What the Reproducibility Project found in looking at these experiments, which had run the gauntlet of peer review, revision and publication, was that only one third of them were reproducible. In other words, two out of three experiments in behavioral psychology have a fair chance of being worthless. From the RP report,
“these results offer a clear conclusion: A large portion of replications produced weaker evidence for the original findings (31) despite using materials provided by the original authors, review in advance for methodological fidelity, and high statistical power to detect the original effect sizes.”
The Weekly Standard wrote a good detailed review of the RP’s findings.
The biggest problem noted in many of the studies was confirmation bias which produces a subconscious incentive to find the hypothesized results. In other words, we tend to believe what we want to believe.
The field of social research has been dominated by people of a particular ideology and so many of their studies reach conclusions that match the world view of those with that ideology. What world view is that? TWS said, “In a survey of the membership of the Society for Personality and Social Psychology, 85 percent of respondents called themselves liberal, 6 percent conservative, 9 percent moderate. Two percent of graduate students and postdocs called themselves conservative. ‘The field is shifting leftward,’ wrote one team of social psychologists (identifying themselves as ‘one liberal, one centrist, two libertarians, two who reject characterization,’ and no conservatives). ‘And there are hardly any conservative students in the pipeline.’”
So what we see in social science and human behavioral studies is the confirmation of a liberal viewpoint. TWS wrote, “When researchers, journal editors, peer-review panels, colleagues, and popular journalists share the same beliefs, confirmation bias will flourish. It’s human nature! Reading a typical behavioral science study involving race or sex, privilege or wealth or power, you can find it hard to distinguish between the experimenters’ premises and their conclusions.”
TWS recalled the famous Stanley Milgram studies where he attempted to prove that nearly anyone “could be induced to override his conscience and perform evil acts if he were instructed to do so by a sufficiently powerful authority.” Every student of psychology reads about this study and generally is led to believe that its conclusion, that 65% of people will inflict tremendous pain on others if ordered to do so by a person in authority, is valid. Rarely do such classes consider the study’s reproducibility. Though the overriding assumption has been tested numerous other times, the exact conditions of the original experiment have not been reproduced. Even Milgram’s original findings were reported inaccurately.
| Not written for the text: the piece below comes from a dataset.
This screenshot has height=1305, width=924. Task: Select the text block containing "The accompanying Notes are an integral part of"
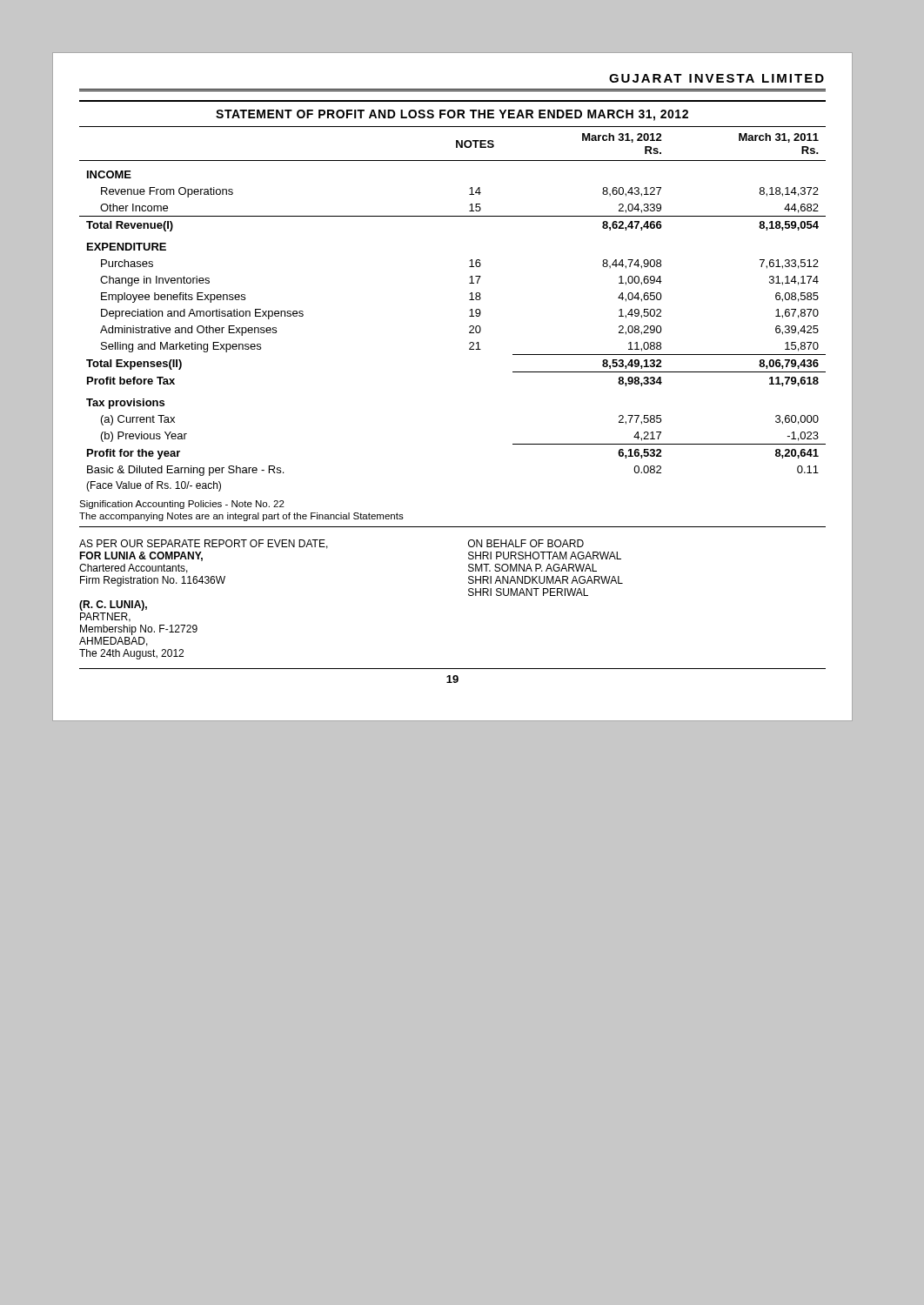241,516
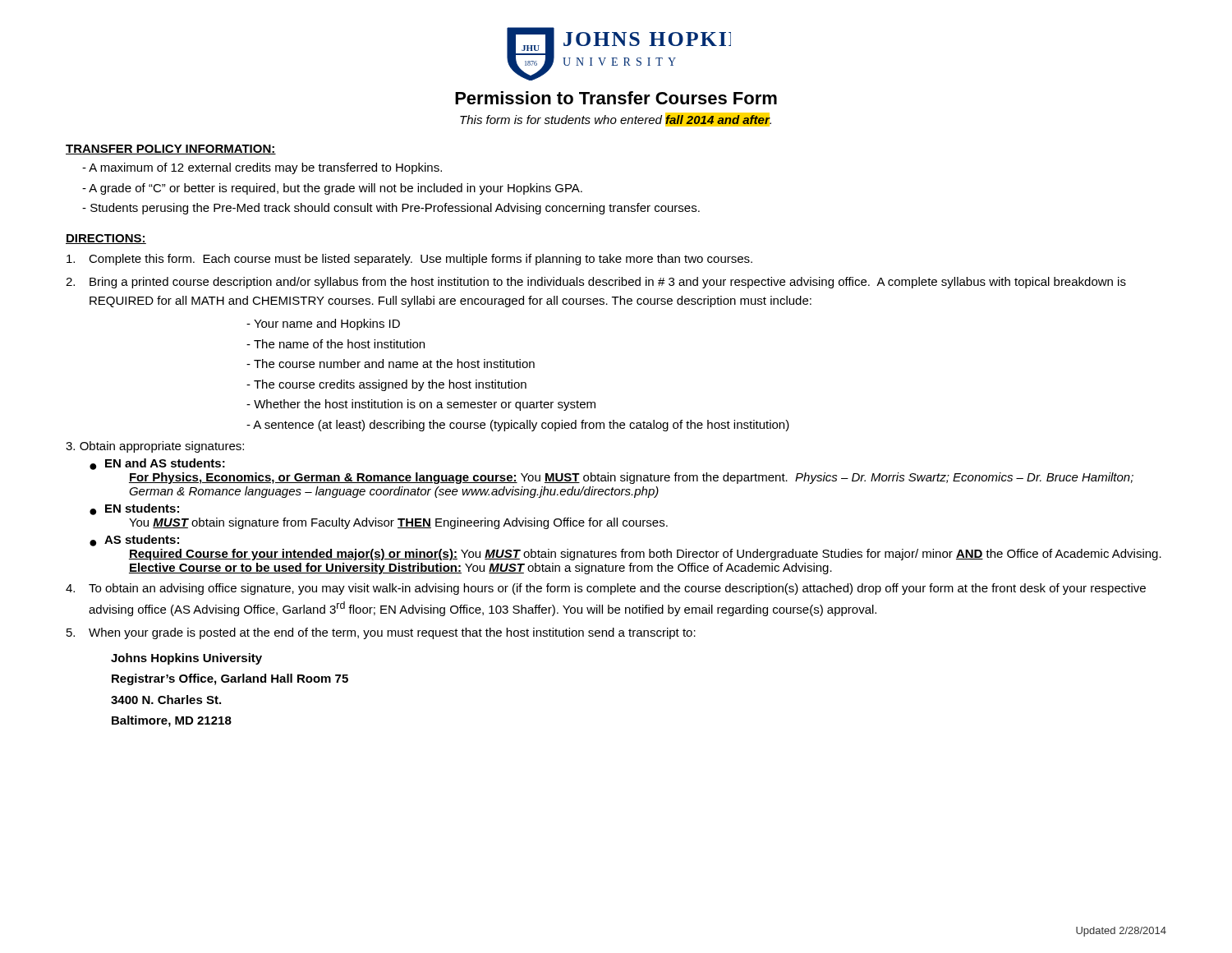
Task: Locate the title
Action: tap(616, 98)

Psychologist Gina Perry looked at the original Milgram data, and noted that, of the 600 participants Milgram claimed were in the study, the 65% figure came from only one baseline study of 40 students, all male, college age, paid participants. That means that only 26 students were willing to inflict pain. When the study was replicated, the majority of participants would not go along with inflicting pain.
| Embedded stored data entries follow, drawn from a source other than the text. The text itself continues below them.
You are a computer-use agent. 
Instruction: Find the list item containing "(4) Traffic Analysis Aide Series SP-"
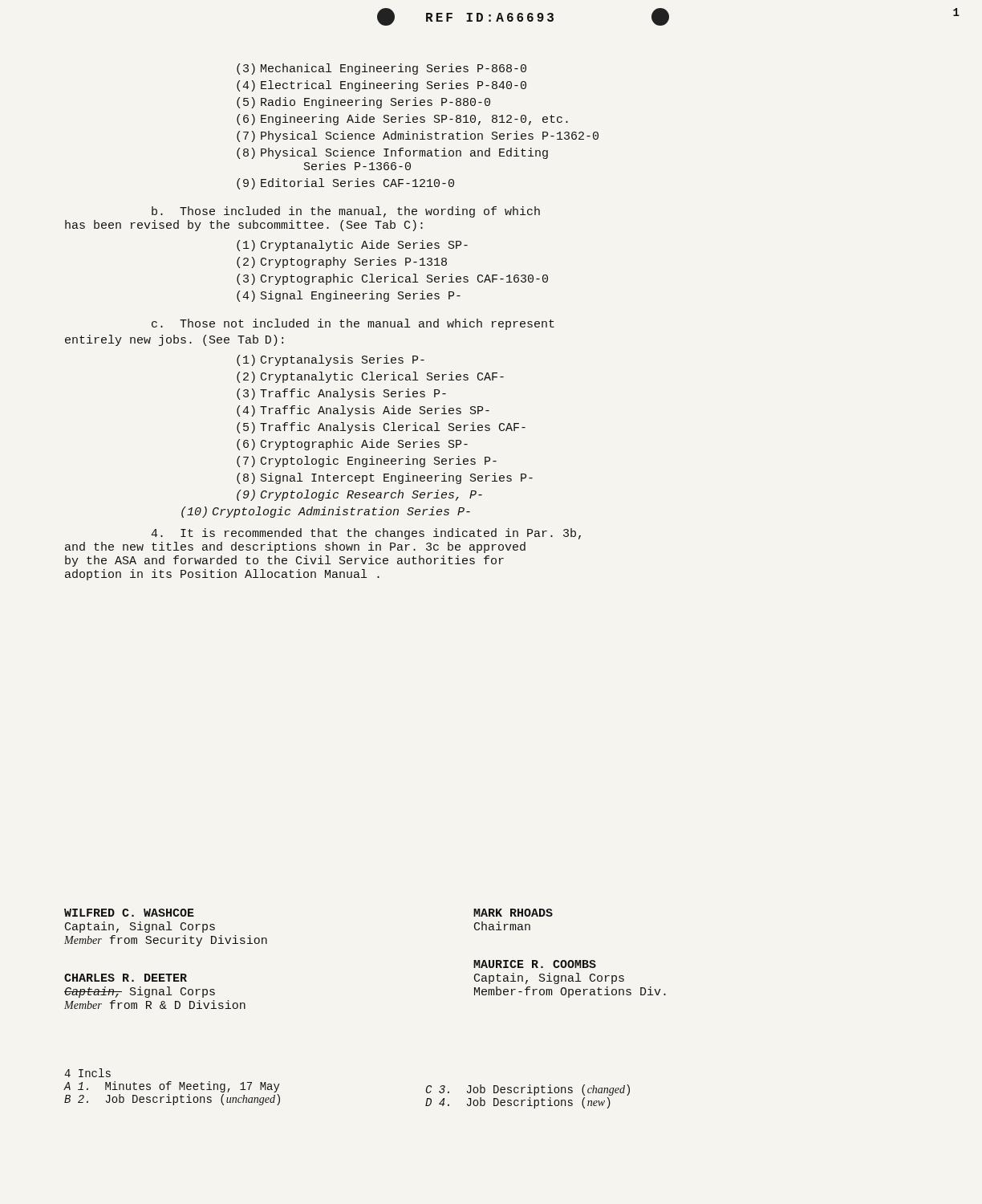click(363, 411)
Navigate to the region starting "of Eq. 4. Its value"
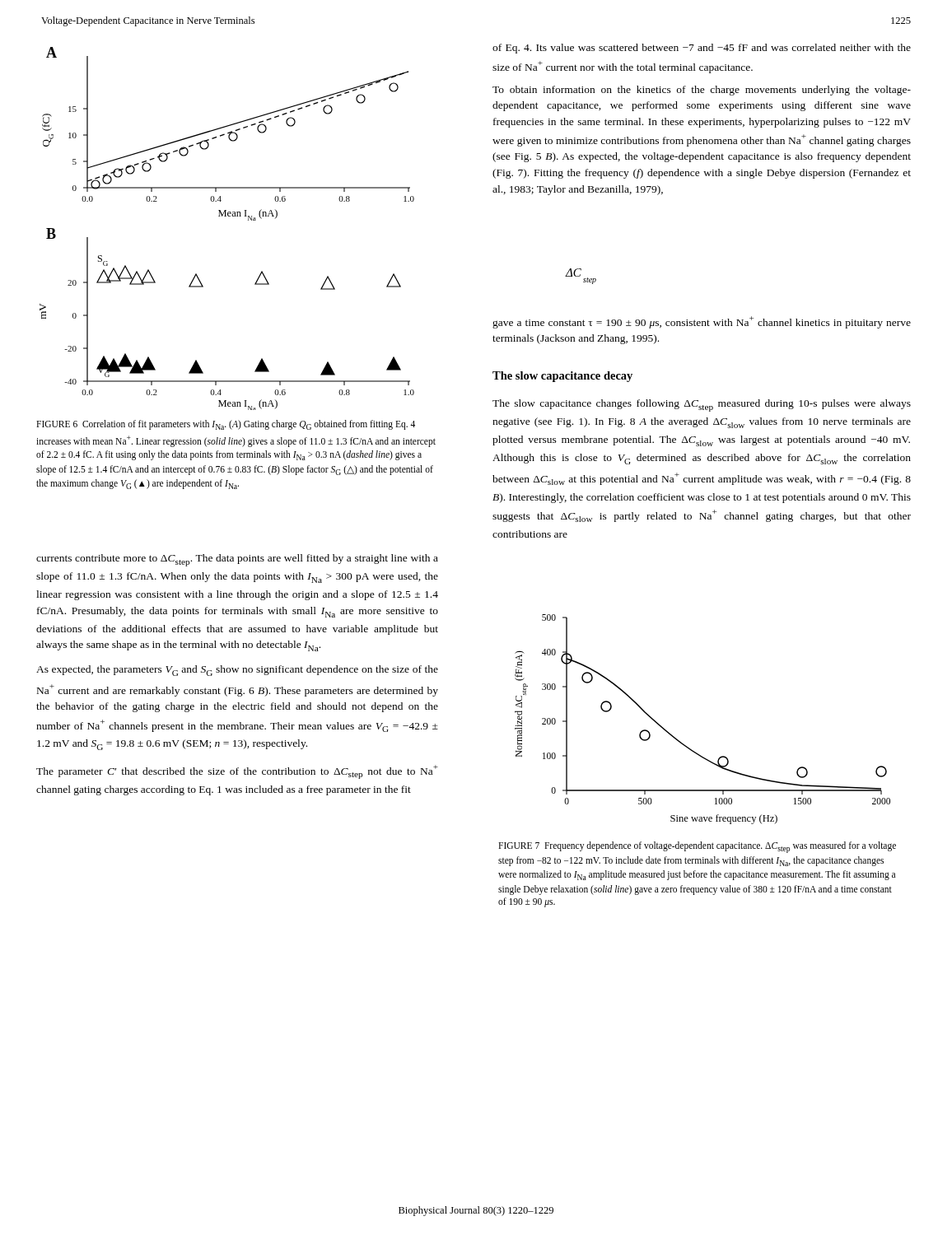The width and height of the screenshot is (952, 1235). click(x=702, y=118)
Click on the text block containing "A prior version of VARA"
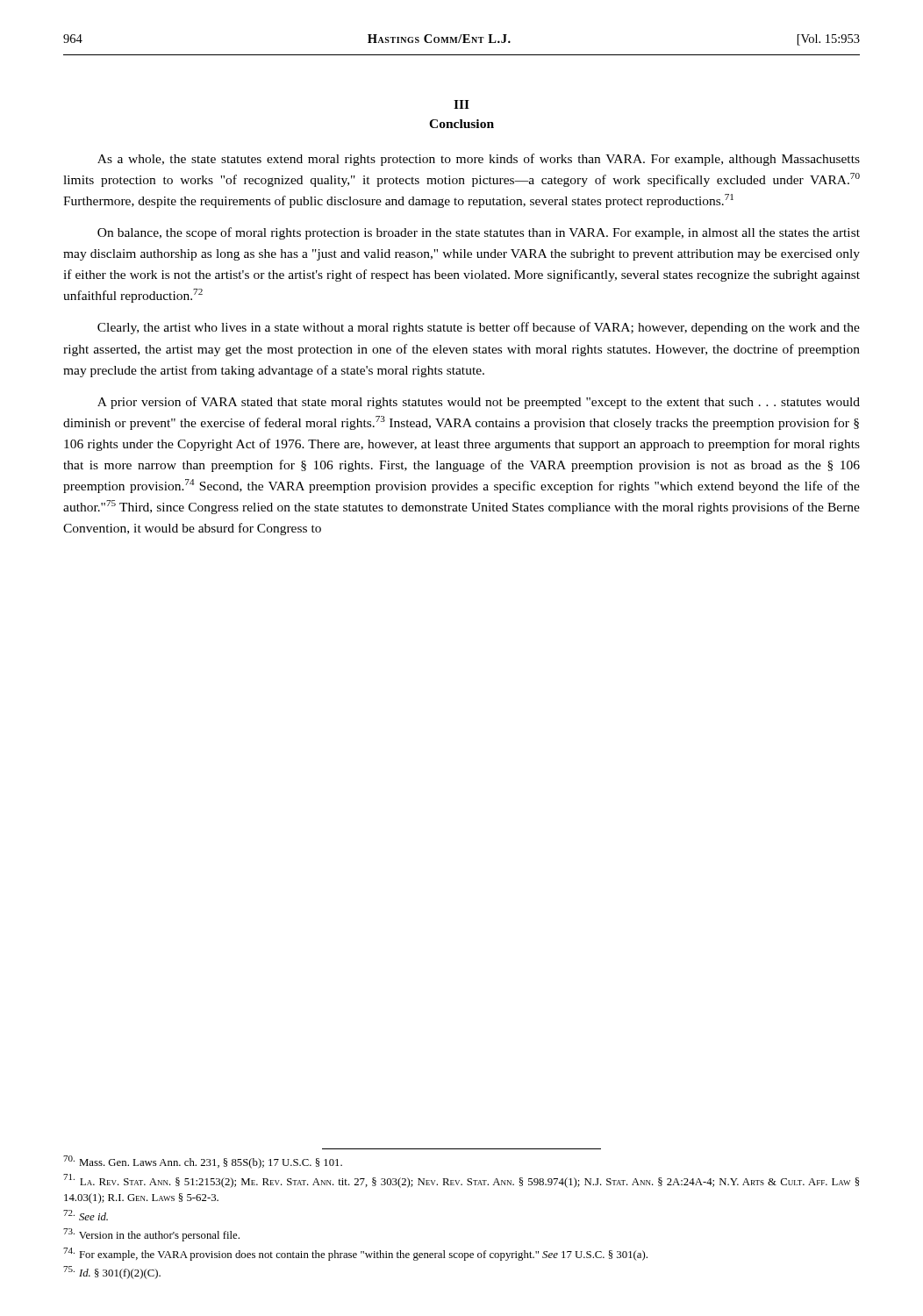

But the impact of Milgram’s work left an indelible idea about human social psychology in place. “Human beings are essentially mindless creatures at the mercy of internal impulses and outside influences of which they’re unaware. We may think we know what we’re doing most of the time, that we obey our consciences more often than not, that we can usually decide to do one thing and not another according to our own will.”
If that is your baseline understanding of human behavior, how easy is it to promote programs for social emotional learning as a means to make students do what we want them to do, without them even knowing that we are training them to react in predictable, desirable ways?
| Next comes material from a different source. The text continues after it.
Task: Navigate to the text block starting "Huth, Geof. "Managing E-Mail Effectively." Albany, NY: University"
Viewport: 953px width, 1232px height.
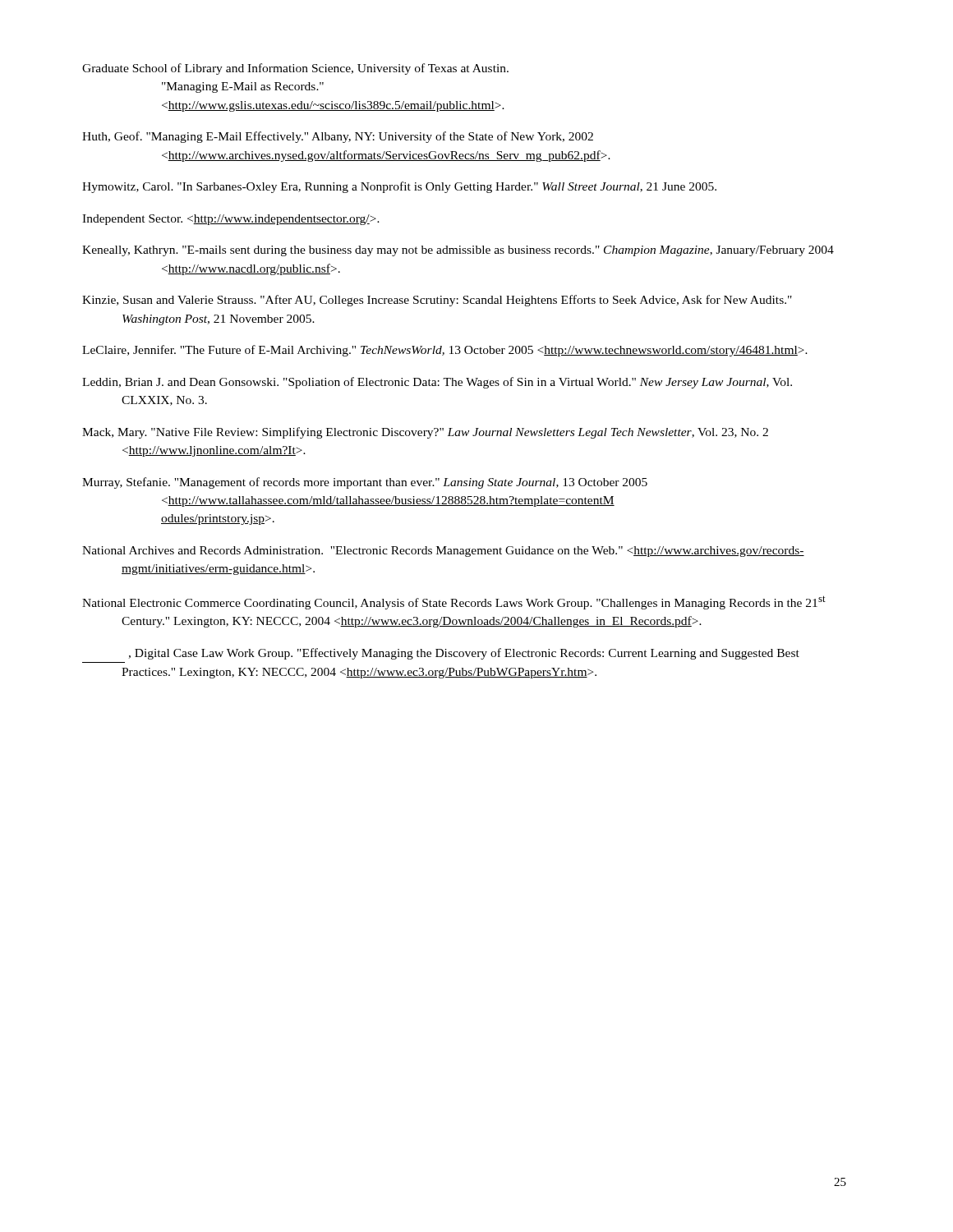Action: (464, 146)
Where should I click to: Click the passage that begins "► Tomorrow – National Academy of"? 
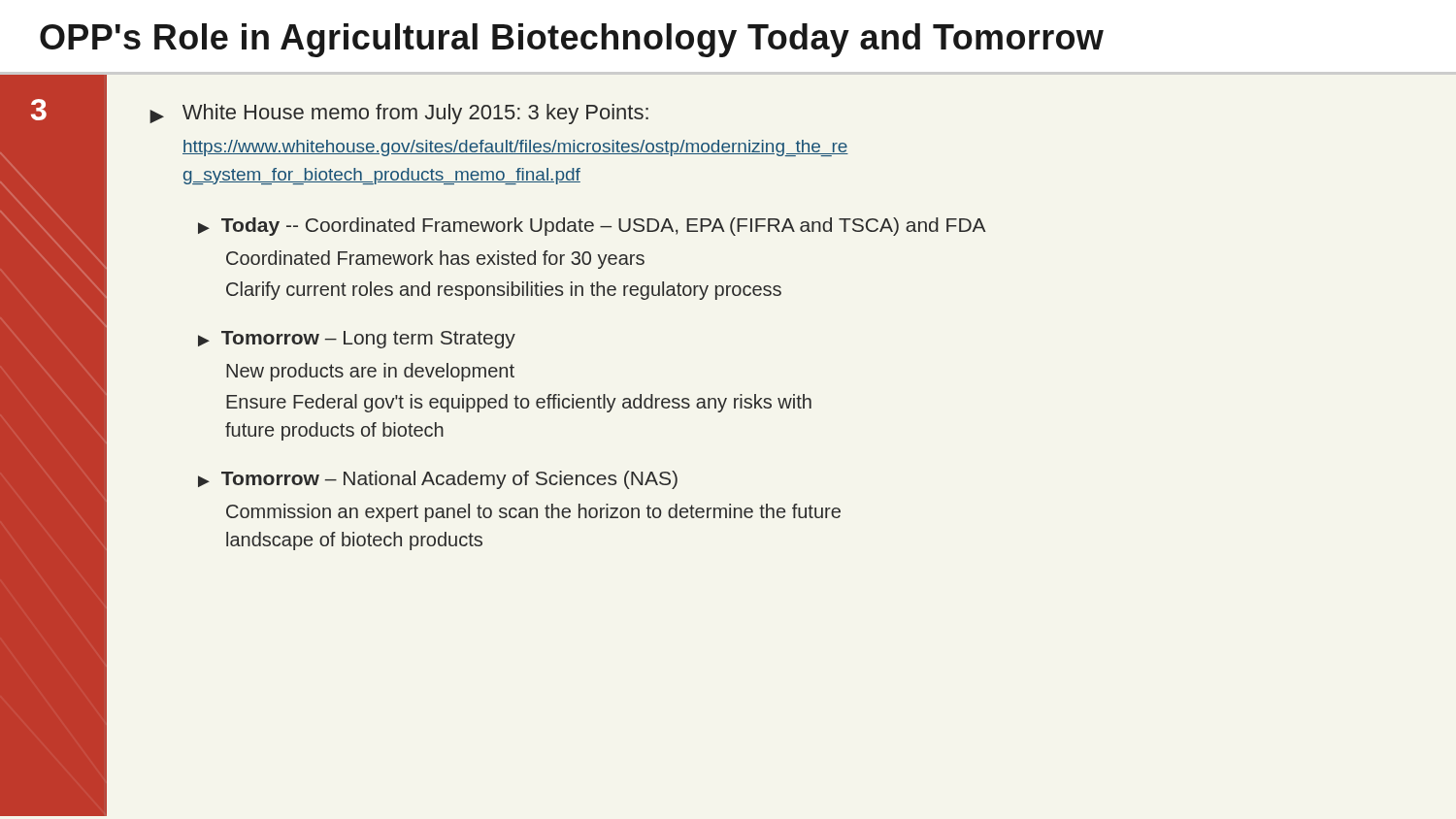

SEL is incorporated into the Common Core standards and supported by a meta study of 213 psychological experiments. Meta studies assume that the conclusions of the studies they examine are valid, that the null hypothesis has been proved. They do not attempt to recreate the experimental conditions to verify the reproducibility of the results. According to the work of the RP, only 71 of those experiments are likely to have reproducible results, and until someone tries to replicate them, we won’t know which ones; the ones with strong correlation, weak correlation or ones that disproved the null hypothesis.
Combine the goal of teaching the whole child, teaching “life lessons” not just academics, with the concept that humans are mindless creatures who can be nudged into adopting certain behaviors given instruction to do so by people in authority and you have the modern classroom which not only feels justified in directing attitudes, values and behavior, but also believes it will be successful in doing so for ≥65% of the students. Now add in that we have tests that claim to accurately measure those metrics (with no reliability/reproducibility data) and that we will either get rid of or retrain teachers whose students do not demonstrate the desired beliefs and values on these tests and you begin to see the hopeless idiocy of the modern classroom. What we have, as TWS pointed out, is a culture of educrats and media who collude to convince us that these practices will be successful at making a better society for tomorrow. They know, because the studies tell them so. Or not.